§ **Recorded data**
========================================================================

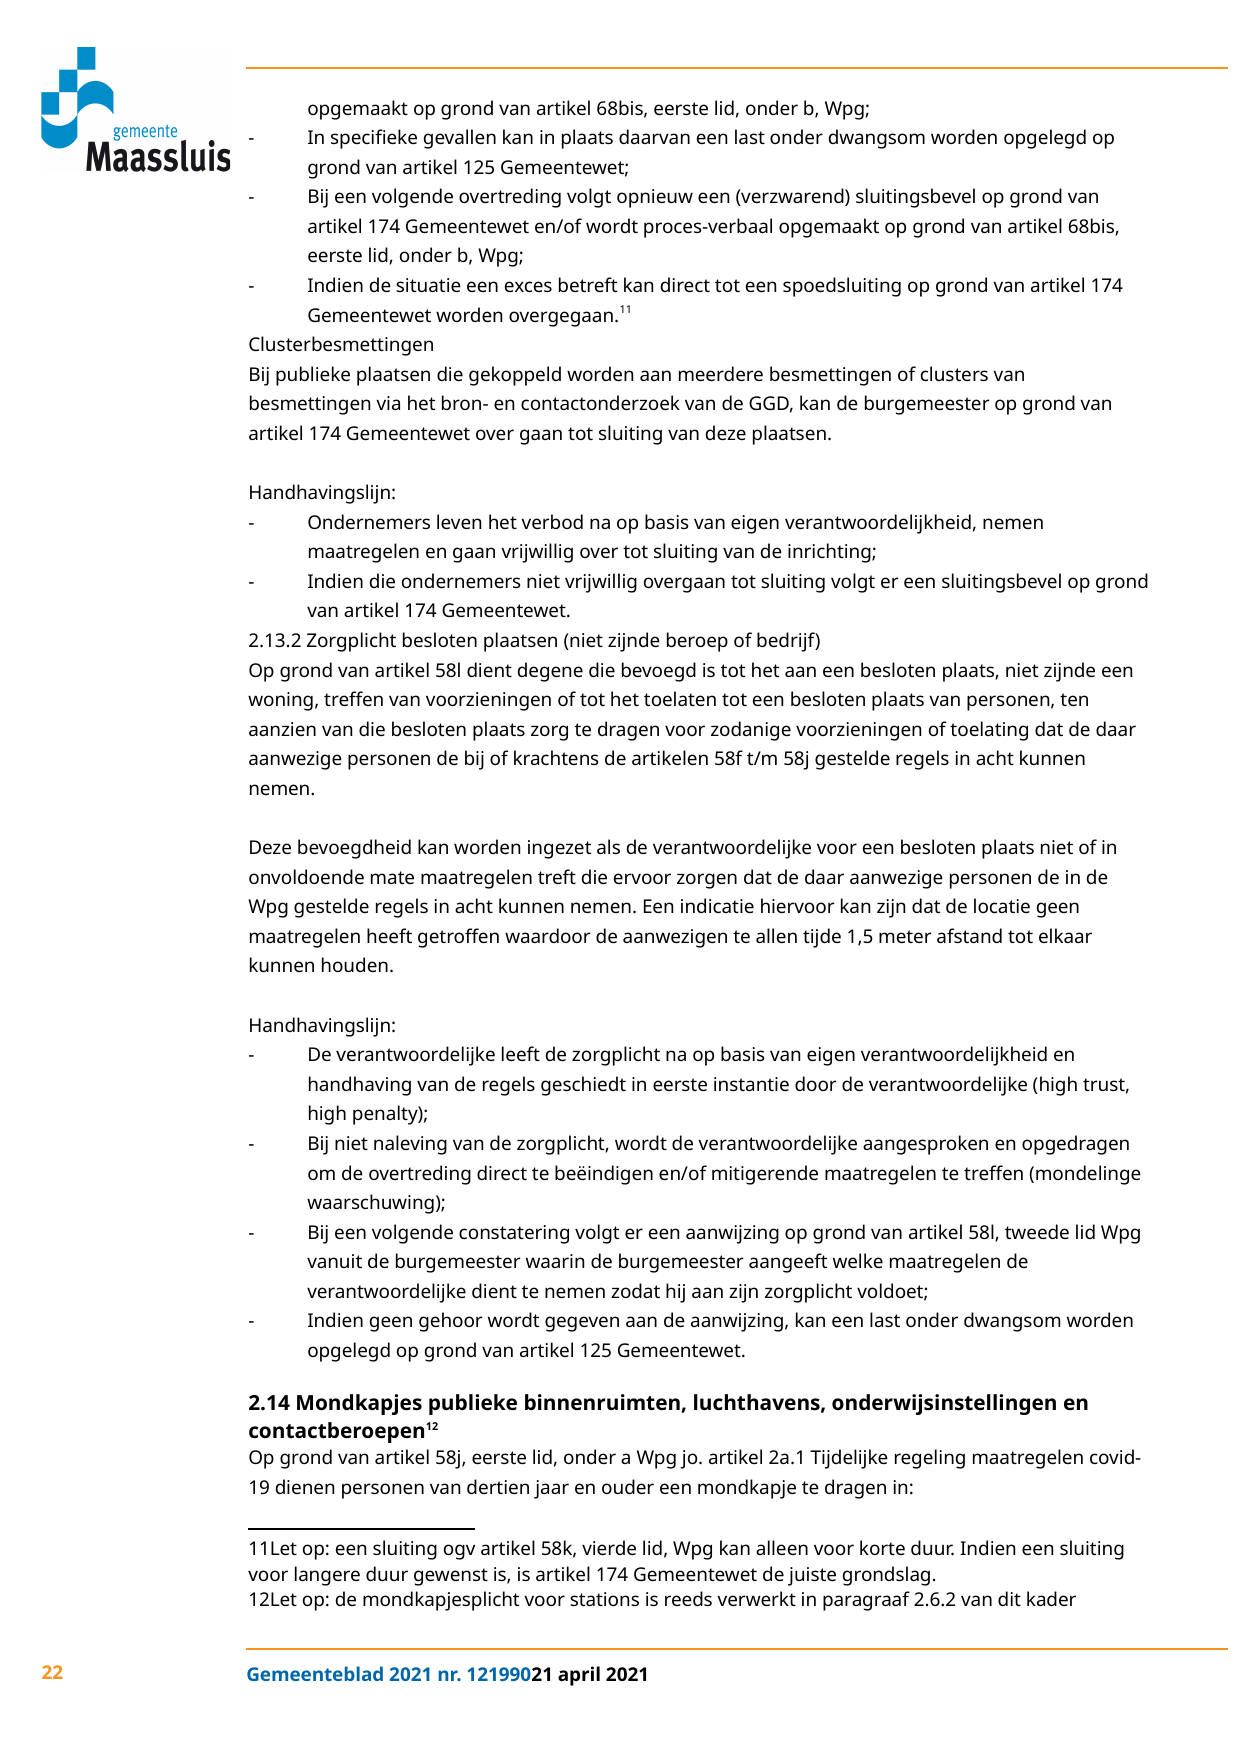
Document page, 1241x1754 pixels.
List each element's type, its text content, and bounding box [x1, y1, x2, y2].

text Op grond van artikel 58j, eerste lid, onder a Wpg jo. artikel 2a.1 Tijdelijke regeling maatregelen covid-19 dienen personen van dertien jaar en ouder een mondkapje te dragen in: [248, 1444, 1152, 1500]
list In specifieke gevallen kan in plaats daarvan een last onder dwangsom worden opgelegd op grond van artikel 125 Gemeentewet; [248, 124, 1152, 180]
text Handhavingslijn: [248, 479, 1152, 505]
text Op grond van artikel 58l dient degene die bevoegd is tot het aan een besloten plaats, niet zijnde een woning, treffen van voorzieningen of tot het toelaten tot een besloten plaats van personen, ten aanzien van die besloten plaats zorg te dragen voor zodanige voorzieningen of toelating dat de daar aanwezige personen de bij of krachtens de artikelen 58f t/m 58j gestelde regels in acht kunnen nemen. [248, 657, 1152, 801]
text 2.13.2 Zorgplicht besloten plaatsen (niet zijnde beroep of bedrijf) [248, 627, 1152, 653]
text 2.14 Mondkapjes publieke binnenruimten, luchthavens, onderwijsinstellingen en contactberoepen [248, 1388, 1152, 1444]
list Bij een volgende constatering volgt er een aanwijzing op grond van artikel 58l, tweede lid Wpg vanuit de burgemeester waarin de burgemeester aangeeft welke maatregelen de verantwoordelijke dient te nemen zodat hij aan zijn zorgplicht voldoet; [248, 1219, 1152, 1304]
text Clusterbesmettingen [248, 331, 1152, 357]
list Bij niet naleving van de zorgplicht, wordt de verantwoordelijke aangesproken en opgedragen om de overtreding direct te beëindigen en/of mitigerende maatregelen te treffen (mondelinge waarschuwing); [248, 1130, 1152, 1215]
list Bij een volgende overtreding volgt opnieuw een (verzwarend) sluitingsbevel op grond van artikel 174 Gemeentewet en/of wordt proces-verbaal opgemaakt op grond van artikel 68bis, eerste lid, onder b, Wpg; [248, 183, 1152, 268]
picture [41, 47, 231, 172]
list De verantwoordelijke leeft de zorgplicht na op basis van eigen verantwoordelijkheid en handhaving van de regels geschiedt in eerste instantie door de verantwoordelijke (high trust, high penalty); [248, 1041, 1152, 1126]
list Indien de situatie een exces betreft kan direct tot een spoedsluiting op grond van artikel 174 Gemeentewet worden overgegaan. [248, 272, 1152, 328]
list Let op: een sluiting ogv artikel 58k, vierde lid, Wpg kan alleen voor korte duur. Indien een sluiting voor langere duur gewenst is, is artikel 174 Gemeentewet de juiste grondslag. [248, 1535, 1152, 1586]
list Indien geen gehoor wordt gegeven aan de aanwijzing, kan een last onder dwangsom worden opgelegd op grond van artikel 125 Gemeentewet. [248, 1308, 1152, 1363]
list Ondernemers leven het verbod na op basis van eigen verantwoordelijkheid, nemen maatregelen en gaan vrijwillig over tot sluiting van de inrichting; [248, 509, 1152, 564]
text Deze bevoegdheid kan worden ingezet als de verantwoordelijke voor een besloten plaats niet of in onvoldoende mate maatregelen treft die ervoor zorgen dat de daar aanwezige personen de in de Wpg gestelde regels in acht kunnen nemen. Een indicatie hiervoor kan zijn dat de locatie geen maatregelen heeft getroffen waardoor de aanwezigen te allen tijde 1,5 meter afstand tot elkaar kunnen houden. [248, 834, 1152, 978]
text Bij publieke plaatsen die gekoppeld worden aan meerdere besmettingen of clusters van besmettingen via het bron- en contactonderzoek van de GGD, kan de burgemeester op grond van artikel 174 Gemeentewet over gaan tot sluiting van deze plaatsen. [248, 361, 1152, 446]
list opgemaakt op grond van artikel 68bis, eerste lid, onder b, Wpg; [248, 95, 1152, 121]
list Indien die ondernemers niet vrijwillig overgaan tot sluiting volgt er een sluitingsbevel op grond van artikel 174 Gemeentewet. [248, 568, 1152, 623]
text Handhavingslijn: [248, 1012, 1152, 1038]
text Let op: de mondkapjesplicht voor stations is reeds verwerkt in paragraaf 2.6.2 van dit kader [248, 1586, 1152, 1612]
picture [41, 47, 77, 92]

========================================================================

§ **ABOUT THIS EXERCISE**
An exact retyping of each record, with no pictures, is the answer required.

§ **RESULT FOR THIS EXERCISE**
Document page, 1241x1754 pixels.
List each element's type, its text content, and bounding box [x1, y1, x2, y2].

text Op grond van artikel 58j, eerste lid, onder a Wpg jo. artikel 2a.1 Tijdelijke regeling maatregelen covid-19 dienen personen van dertien jaar en ouder een mondkapje te dragen in: [248, 1444, 1152, 1500]
list In specifieke gevallen kan in plaats daarvan een last onder dwangsom worden opgelegd op grond van artikel 125 Gemeentewet; [248, 124, 1152, 180]
text Handhavingslijn: [248, 479, 1152, 505]
text Op grond van artikel 58l dient degene die bevoegd is tot het aan een besloten plaats, niet zijnde een woning, treffen van voorzieningen of tot het toelaten tot een besloten plaats van personen, ten aanzien van die besloten plaats zorg te dragen voor zodanige voorzieningen of toelating dat de daar aanwezige personen de bij of krachtens de artikelen 58f t/m 58j gestelde regels in acht kunnen nemen. [248, 657, 1152, 801]
text 2.13.2 Zorgplicht besloten plaatsen (niet zijnde beroep of bedrijf) [248, 627, 1152, 653]
text 2.14 Mondkapjes publieke binnenruimten, luchthavens, onderwijsinstellingen en contactberoepen [248, 1388, 1152, 1444]
list Bij een volgende constatering volgt er een aanwijzing op grond van artikel 58l, tweede lid Wpg vanuit de burgemeester waarin de burgemeester aangeeft welke maatregelen de verantwoordelijke dient te nemen zodat hij aan zijn zorgplicht voldoet; [248, 1219, 1152, 1304]
text Clusterbesmettingen [248, 331, 1152, 357]
list Bij niet naleving van de zorgplicht, wordt de verantwoordelijke aangesproken en opgedragen om de overtreding direct te beëindigen en/of mitigerende maatregelen te treffen (mondelinge waarschuwing); [248, 1130, 1152, 1215]
list Bij een volgende overtreding volgt opnieuw een (verzwarend) sluitingsbevel op grond van artikel 174 Gemeentewet en/of wordt proces-verbaal opgemaakt op grond van artikel 68bis, eerste lid, onder b, Wpg; [248, 183, 1152, 268]
picture [41, 47, 231, 172]
list De verantwoordelijke leeft de zorgplicht na op basis van eigen verantwoordelijkheid en handhaving van de regels geschiedt in eerste instantie door de verantwoordelijke (high trust, high penalty); [248, 1041, 1152, 1126]
list Indien de situatie een exces betreft kan direct tot een spoedsluiting op grond van artikel 174 Gemeentewet worden overgegaan. [248, 272, 1152, 328]
list Let op: een sluiting ogv artikel 58k, vierde lid, Wpg kan alleen voor korte duur. Indien een sluiting voor langere duur gewenst is, is artikel 174 Gemeentewet de juiste grondslag. [248, 1535, 1152, 1586]
list Indien geen gehoor wordt gegeven aan de aanwijzing, kan een last onder dwangsom worden opgelegd op grond van artikel 125 Gemeentewet. [248, 1308, 1152, 1363]
list Ondernemers leven het verbod na op basis van eigen verantwoordelijkheid, nemen maatregelen en gaan vrijwillig over tot sluiting van de inrichting; [248, 509, 1152, 564]
text Deze bevoegdheid kan worden ingezet als de verantwoordelijke voor een besloten plaats niet of in onvoldoende mate maatregelen treft die ervoor zorgen dat de daar aanwezige personen de in de Wpg gestelde regels in acht kunnen nemen. Een indicatie hiervoor kan zijn dat de locatie geen maatregelen heeft getroffen waardoor de aanwezigen te allen tijde 1,5 meter afstand tot elkaar kunnen houden. [248, 834, 1152, 978]
text Bij publieke plaatsen die gekoppeld worden aan meerdere besmettingen of clusters van besmettingen via het bron- en contactonderzoek van de GGD, kan de burgemeester op grond van artikel 174 Gemeentewet over gaan tot sluiting van deze plaatsen. [248, 361, 1152, 446]
list opgemaakt op grond van artikel 68bis, eerste lid, onder b, Wpg; [248, 95, 1152, 121]
list Indien die ondernemers niet vrijwillig overgaan tot sluiting volgt er een sluitingsbevel op grond van artikel 174 Gemeentewet. [248, 568, 1152, 623]
text Handhavingslijn: [248, 1012, 1152, 1038]
text Let op: de mondkapjesplicht voor stations is reeds verwerkt in paragraaf 2.6.2 van dit kader [248, 1586, 1152, 1612]
picture [41, 47, 77, 92]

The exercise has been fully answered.